I process it like this:
If $A$ exists, then we must have $0\in A$ and $\pi\in A$.
When $x = \frac{\pi}{2}$, $d(x,A) = |\sin \frac{\pi}{2}| = 1$, so $\frac{\pi}{2} - 1\in A$ or $\frac{\pi}{2} + 1\in A$.
If $\frac{\pi}{2} - 1\in A$, let $x = \frac{\pi}{4}$. Then $d(x,A) = \frac{\sqrt{2}}{2}\approx 0.7071\gt 0.2146\approx1-\frac{\pi}{4} = \frac{\pi}{4} - (\frac{\pi}{2}-1)$, the distance from $\frac{\pi}{4}$ to $\frac{\pi}{2}-1$.
And this contradicts the definition of $d(x,A)$.

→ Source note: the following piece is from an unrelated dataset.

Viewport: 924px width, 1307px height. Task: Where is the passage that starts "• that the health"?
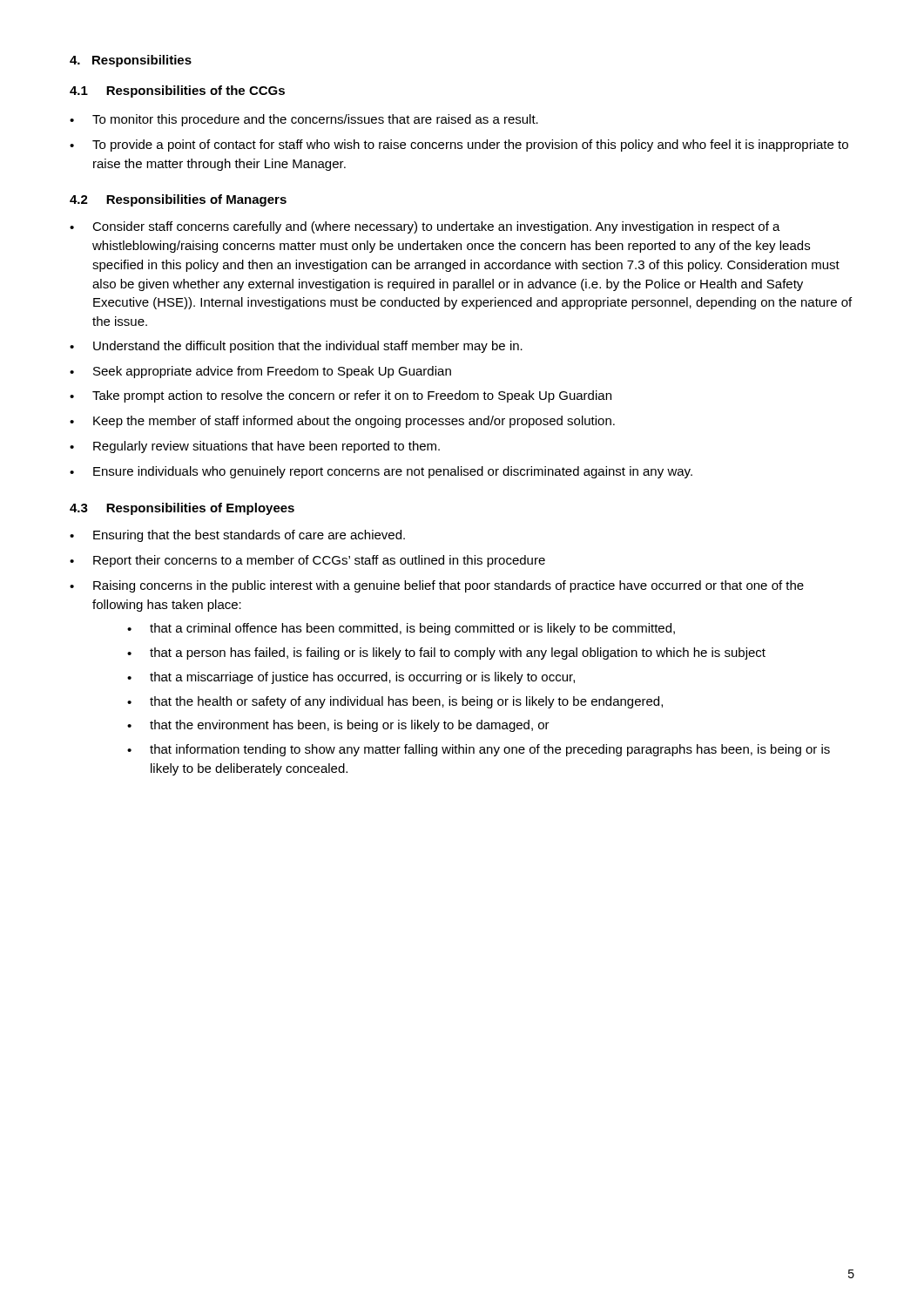point(491,701)

But it suddenly occurs to me that there is no need $0\in A$, $\pi\in A$ ..., then how can I prove or disprove the existence of A?
Thanks~
Such a set can not exist. Otherwise $$ A \subset \{ x \in \Bbb R \mid d(x, A) = 0 \} = \{ k \pi \mid k \in \Bbb Z \} $$ and that implies that $d(\frac \pi 2, A)\ge \frac \pi 2$, contradicting the assumption that $d(\frac \pi 2, A) = |\sin \frac \pi 2| = 1$.
More generally, assume that $f(x) = d(x, A)$ for some set $A \subset \Bbb R$. Then $f(x) = 0$ for $x \in \overline A$. The complement $(\overline A)^C$ is a (finite or countable infinite) union of disjoint open intervals, and on each interval $(x_i, y_i)$ we have $$ f(x) = \min(x-x_i, y_i - x) \, . $$ It follows that $f$ is a sum of “non overlapping triangle functions” $$ f(x) = \sum_i f_i(x) $$ where $$ f_i(x) = \begin{cases} 0 & \text{ if } x \le x_i \\ \min(x-x_i, y_i - x) & \text{ if } x_i < x < y_i \\ 0 & \text{ if } x \ge y_i \\ \end{cases} $$ and $(x_i, y_i)$ are (finite or countably infinite) disjoint intervals.
On the other hand, if $f$ is of this form, the set $$ A = \{ x \in \Bbb R \mid f(x) = 0 \} $$ satisfies $d(x, A) = f(x)$ for all $x \in \Bbb R$.